Erstellt von Bodo am 13. Juni 2007 – 14:25 -

Hallo,

ich möchte auch mal wieder schreiben.

Also mit dem Klimagedicht, ich verdiene mein Geld als Laborant mit der Klimaforschung, aber ich finde die deutsche Auffassung etwas hysterisch. Das kleine Deutschland hat sich vorgenommen das Weltklima zu retten … finde ich etwas übertrieben und anmaßend.

Außerdem:
a) Das Klima war noch nie konstant, hat sich immer schon geändert (Eiszeiten, Warmzeiten, usw. immer wieder zyklische Schwankungen).
b) Geologische staatliche Institute haben immer Geldmangel, und mit Klimaforschung gibt es Geld aus diversen staatlichen Töpfen … (plus Renomée für die publizierenden Wissenschaftler) … entsprechend inflationär werden dann aber auch die Klimawarnungen produziert.

Nun ja und mit den Medikamenten, ich finde die Nebenwirkungen sind kaum weniger schlimm, als die Krankheit, die sie bekämpfen sollen …
Mein Kompromiss ist der: sowenig wie möglich und soviel wie nötig, damit kann ich mein Gewicht stabilisieren und im Gegensatz zu der Alles-oder-Nichts-Lösung, sind die Chancen stabil gesund zu bleiben doch größer (als die Nichts-Lösung).

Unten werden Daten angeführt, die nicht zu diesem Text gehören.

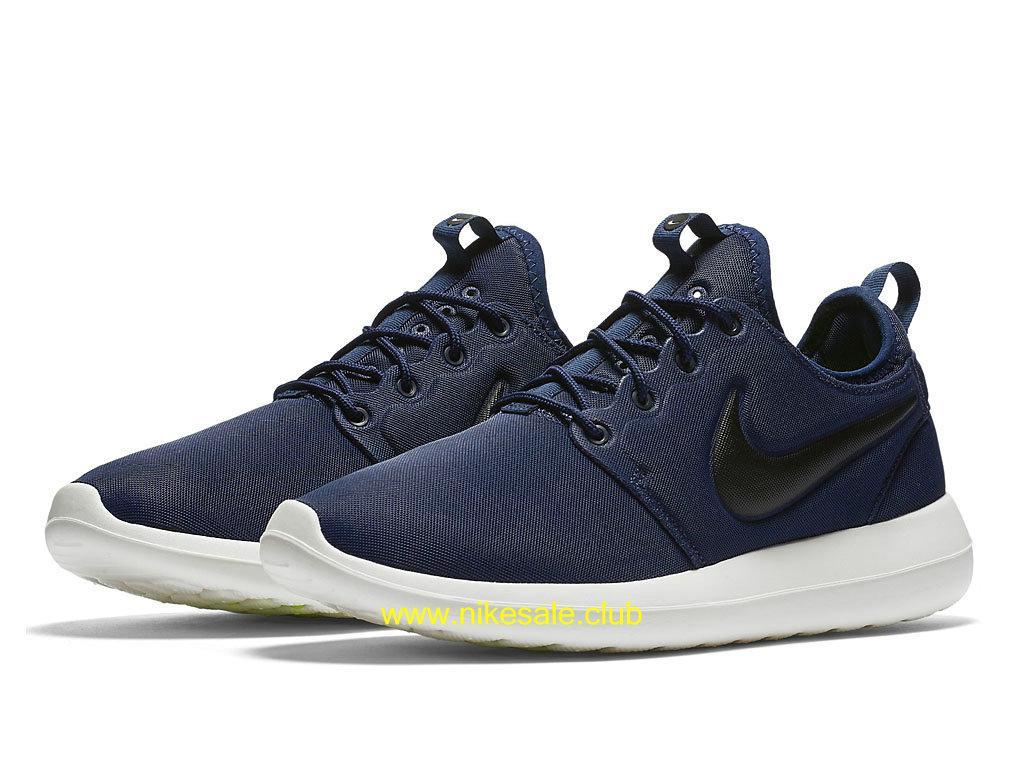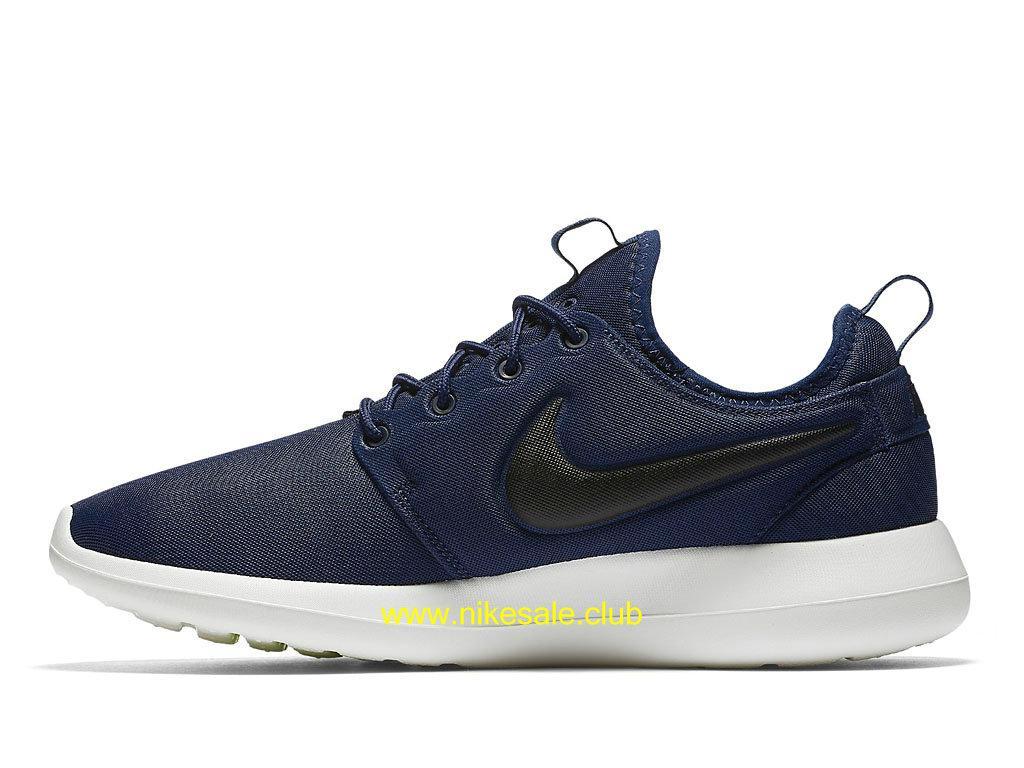The first image is the image on the left, the second image is the image on the right. Given the left and right images, does the statement "The combined images show exactly two left-facing sneakers." hold true? Answer yes or no. No. The first image is the image on the left, the second image is the image on the right. Analyze the images presented: Is the assertion "There are two shoes, and one of them is striped, while the other is a plain color." valid? Answer yes or no. No.

Weil bestimmte Gruppierungen die Krankheit Psychose für scheinbar aufgeklärt halten, möchte ich mal darauf hinweisen, dass immer noch sehr viel geforscht wird und die Forschung teilweise ganz ungewöhnliche Gedankengänge entwickelt: So wird in einem Artikel der Welt vom 10.03.07 von Forschungen berichtet, bei denen 13 verschiedene Krankheitserreger im Verdacht stehen Schizophrenie auszulösen, wer will kann unter diesem Link nachlesen: www.welt.de/wissenschaft

Natürlich ist die praktische Anwendung für Betroffene vorerst nicht so groß, aber immerhin bemühen sich Forscher mal neue Ursachen in Betracht zu ziehen.